Friday, April 24, 2020

Salvation as a Community Experience

You would think that this period of social isolation would not be such a handicap to an introvert like myself.  I have always needed time and space to be alone.  Self-chosen isolation, which I prefer to call solitude, has been necessary for me to realign my soul so that I might better function as a charitable human being.  While I have never seen myself as the life of the party, I can be a center of social attention and public discourse only to the degree that I can also retreat, restore, and recenter my spirit.

But you can have too much of a good thing.  These days I am longing for a more normal pattern of social engagement.  I miss my family.  I miss my friends.  I miss my church.  While I am taking advantage of the various modern means of staying in touch, there’s no substitute for face-to-face, hand-to-hand, hug-to-hug, encounters.  As St. Paul concludes in 1 Corinthians 13 . . . “now I know in part, then I will know fully, even as I am fully known.”  I think we all hunger to be fully known, and that requires human contact.

I even think our salvation depends on it.  What I mean is that salvation, while often understood as a “right relationship with God,” also requires a “right relationship with other people.”  There is a strain of religious thinking that emphasizes the vertical relationship with God to the neglect of our horizontal relationship with others.  This is unfortunate and, I believe, a distortion of how salvation is to be understood.  The Great Commandment is a two-fold love - of God and neighbor - but in some circles all that seems to matter is one’s relationship with God.  But I am convinced that one can only get one’s heart right with God if one’s heart is also right with others.

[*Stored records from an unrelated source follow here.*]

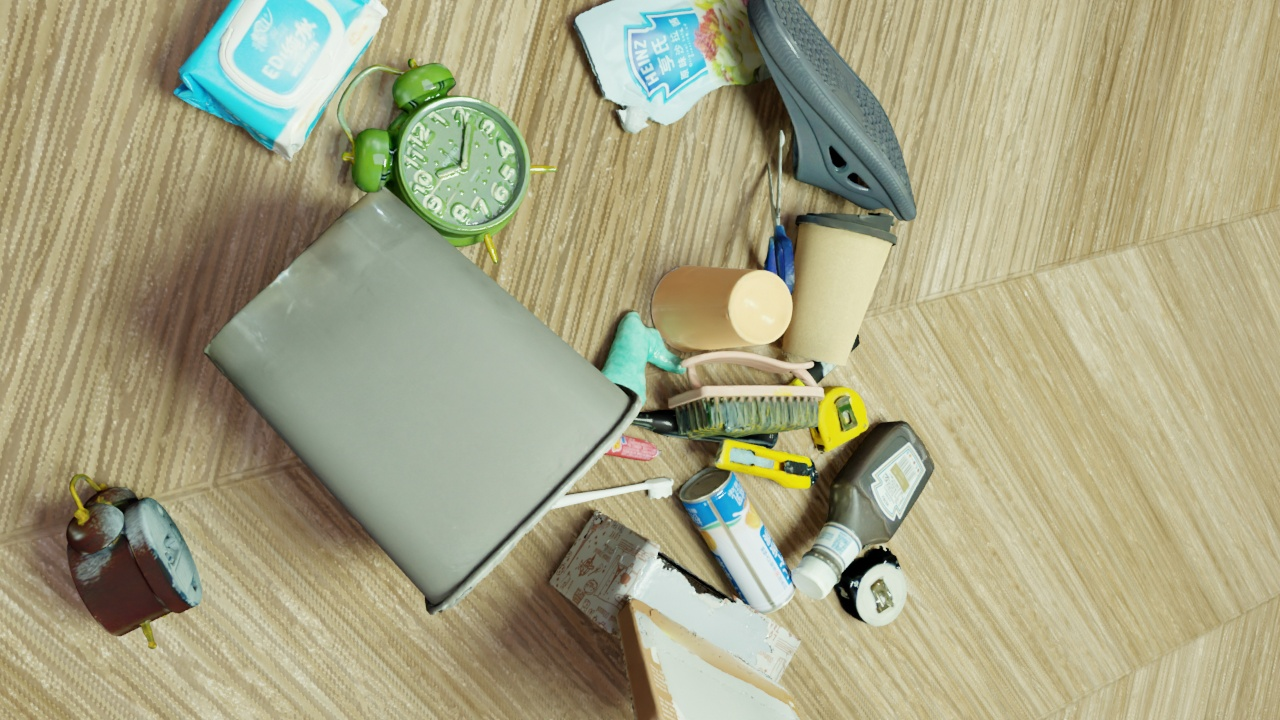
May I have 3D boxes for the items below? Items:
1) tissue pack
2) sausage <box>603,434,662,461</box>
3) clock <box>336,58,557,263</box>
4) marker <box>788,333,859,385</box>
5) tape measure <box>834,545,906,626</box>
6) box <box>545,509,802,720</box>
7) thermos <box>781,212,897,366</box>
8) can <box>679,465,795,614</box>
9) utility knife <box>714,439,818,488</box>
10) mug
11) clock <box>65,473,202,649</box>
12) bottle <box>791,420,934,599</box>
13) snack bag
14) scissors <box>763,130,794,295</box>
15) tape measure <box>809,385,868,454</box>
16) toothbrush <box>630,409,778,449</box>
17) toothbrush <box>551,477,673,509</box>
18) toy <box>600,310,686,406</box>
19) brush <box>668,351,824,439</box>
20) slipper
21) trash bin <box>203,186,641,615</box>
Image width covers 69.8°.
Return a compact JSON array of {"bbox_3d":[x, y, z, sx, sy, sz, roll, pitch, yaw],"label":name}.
[{"bbox_3d":[-0.252,-0.220,0.647,0.090,0.063,0.140,33,80,-22],"label":"tissue pack"},{"bbox_3d":[-0.051,0.067,0.779,0.155,0.020,0.020,12,88,-24],"label":"sausage"},{"bbox_3d":[-0.153,-0.156,0.699,0.161,0.056,0.116,35,78,-22],"label":"clock"},{"bbox_3d":[0.168,0.011,0.880,0.124,0.015,0.018,-39,103,-21],"label":"marker"},{"bbox_3d":[0.230,0.227,0.909,0.065,0.034,0.066,-29,104,-19],"label":"tape measure"},{"bbox_3d":[0.045,0.227,0.704,0.178,0.272,0.106,37,91,-22],"label":"box"},{"bbox_3d":[0.177,-0.071,0.841,0.093,0.093,0.143,10,96,-25],"label":"thermos"},{"bbox_3d":[0.089,0.163,0.830,0.053,0.053,0.134,-36,107,-19],"label":"can"},{"bbox_3d":[0.118,0.096,0.834,0.154,0.015,0.033,16,70,-45],"label":"utility knife"},{"bbox_3d":[0.070,-0.044,0.771,0.078,0.123,0.078,-1,93,-25],"label":"mug"},{"bbox_3d":[-0.345,0.128,0.616,0.055,0.082,0.122,-26,106,-15],"label":"clock"},{"bbox_3d":[0.207,0.142,0.864,0.194,0.044,0.080,-45,108,-30],"label":"bottle"},{"bbox_3d":[0.043,-0.274,0.794,0.190,0.039,0.110,-28,115,-20],"label":"snack bag"},{"bbox_3d":[0.119,-0.109,0.801,0.012,0.162,0.176,1,121,0],"label":"scissors"},{"bbox_3d":[0.191,0.053,0.883,0.060,0.029,0.057,-25,102,-22],"label":"tape measure"},{"bbox_3d":[0.026,0.056,0.811,0.212,0.026,0.027,8,133,-24],"label":"toothbrush"},{"bbox_3d":[-0.053,0.121,0.784,0.179,0.016,0.016,-6,101,-25],"label":"toothbrush"},{"bbox_3d":[-0.005,0.005,0.785,0.096,0.030,0.091,26,69,-21],"label":"toy"},{"bbox_3d":[0.100,0.029,0.806,0.145,0.063,0.073,-1,77,-28],"label":"brush"},{"bbox_3d":[0.161,-0.218,0.827,0.268,0.084,0.110,39,40,-35],"label":"slipper"},{"bbox_3d":[-0.150,0.019,0.633,0.220,0.199,0.198,45,84,-10],"label":"trash bin"}]
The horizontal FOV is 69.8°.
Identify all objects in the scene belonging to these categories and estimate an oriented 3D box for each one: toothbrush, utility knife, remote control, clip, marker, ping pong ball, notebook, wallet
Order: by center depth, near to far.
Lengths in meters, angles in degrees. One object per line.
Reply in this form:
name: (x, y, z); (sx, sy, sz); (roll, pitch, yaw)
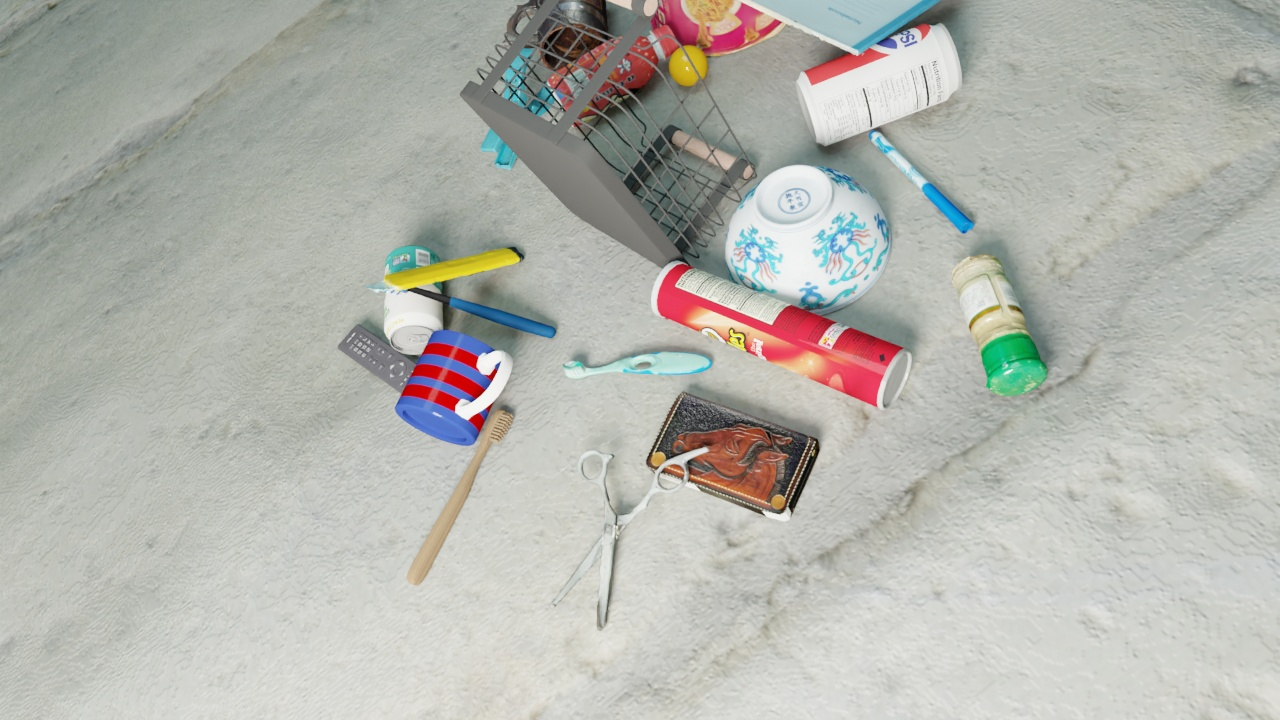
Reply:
wallet: (0.071, 0.074, 0.718); (0.123, 0.019, 0.072); (18, 72, 29)
toothbrush: (-0.153, 0.114, 0.782); (0.016, 0.016, 0.166); (15, 66, 28)
toothbrush: (-0.005, 0.005, 0.790); (0.135, 0.017, 0.022); (-4, 59, 19)
marker: (0.241, -0.159, 0.797); (0.013, 0.013, 0.141); (-31, 54, 1)
toothbrush: (-0.158, -0.049, 0.845); (0.168, 0.014, 0.014); (17, 28, 3)
utility knife: (-0.181, -0.086, 0.862); (0.164, 0.017, 0.030); (-17, 34, -40)
notebook: (0.204, -0.375, 0.875); (0.181, 0.009, 0.252); (36, 57, 24)
remote control: (-0.238, 0.007, 0.880); (0.136, 0.015, 0.032); (30, 74, 30)
ping pong ball: (0.049, -0.302, 0.940); (0.040, 0.040, 0.040); (-10, 57, 15)
clip: (-0.121, -0.265, 0.995); (0.031, 0.121, 0.130); (15, 98, 25)

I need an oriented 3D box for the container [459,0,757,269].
container: (-0.016, -0.197, 0.787); (0.163, 0.241, 0.130); (35, 87, 33)

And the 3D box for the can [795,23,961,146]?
can: (0.213, -0.248, 0.827); (0.132, 0.070, 0.070); (-19, 55, 9)

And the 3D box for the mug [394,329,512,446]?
mug: (-0.152, 0.024, 0.791); (0.112, 0.075, 0.076); (-5, 55, 47)

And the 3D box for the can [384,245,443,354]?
can: (-0.220, -0.060, 0.889); (0.055, 0.055, 0.101); (-17, 56, 11)

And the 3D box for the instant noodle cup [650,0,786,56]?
instant noodle cup: (0.084, -0.415, 0.973); (0.179, 0.078, 0.178); (-10, 57, 15)

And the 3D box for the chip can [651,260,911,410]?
chip can: (0.109, -0.023, 0.743); (0.215, 0.052, 0.051); (25, 72, 31)

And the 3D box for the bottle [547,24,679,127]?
bottle: (-0.025, -0.302, 0.957); (0.137, 0.062, 0.062); (-29, 54, 2)

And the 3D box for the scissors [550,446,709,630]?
scissors: (-0.010, 0.127, 0.710); (0.162, 0.014, 0.141); (-24, 60, 14)

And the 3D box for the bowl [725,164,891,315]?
bowl: (0.134, -0.116, 0.774); (0.144, 0.074, 0.143); (-10, 58, 15)

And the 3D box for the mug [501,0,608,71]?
mug: (-0.093, -0.376, 1.008); (0.115, 0.080, 0.107); (-1, 59, -5)

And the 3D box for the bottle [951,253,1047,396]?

A long-ago friend once said that one’s love for God is only as deep as one’s love for one’s neighbor.  Maybe.  Nevertheless, I do believe that salvation is not a private transaction between the self and God, but a corporate, communal transaction - “God so loved the WORLD.”  My salvation is integral to God’s activity to save all of creation.  Therefore, the welfare of my neighbors (near and far) is essential to my personal well-being as it relates to my salvation.

This communal understanding of salvation has practical implications for how we behave during a pandemic.  My decision to keep social distance, to wear a mask, and to comply with health expert directives, is made for the good of the community.  When I overstep these boundaries in the interests of personal freedom I deny my responsibility to the common good.  My unwillingness to sacrifice for the community is an act of selfishness, and ultimately a slap at the face of God’s plan to save the world.

Several years ago a reporter was in the stands at Wallace Wade Stadium at Duke University witnessing the Special Olympics where athletes were competing in track and field events.  During one race as the runners sprinted down their lanes toward the finish line one of the racers stumbled and fell, sprawling on the track.  The other runners, of course, noticed the mishap of this competitor and instead of leaving him behind, turned back to help him up, and with joined hands they all continued the race, crossing the finish line together.  

This story illustrates the way I believe God’s plan of salvation works.  None of us is saved unless all of us are saved.  I’m not sure this is orthodoxy.  And I suppose there might be some logical questions one might ask of such a theological perspective.  But I’m content that this theology comes closer to the heart of Jesus than the flawed narratives of most substitutionary theories of personal salvation.  And, practically speaking, this theology leads to a better world in which to live.  Indeed, it probably gives us a kinder, more inclusive vision of heaven as well.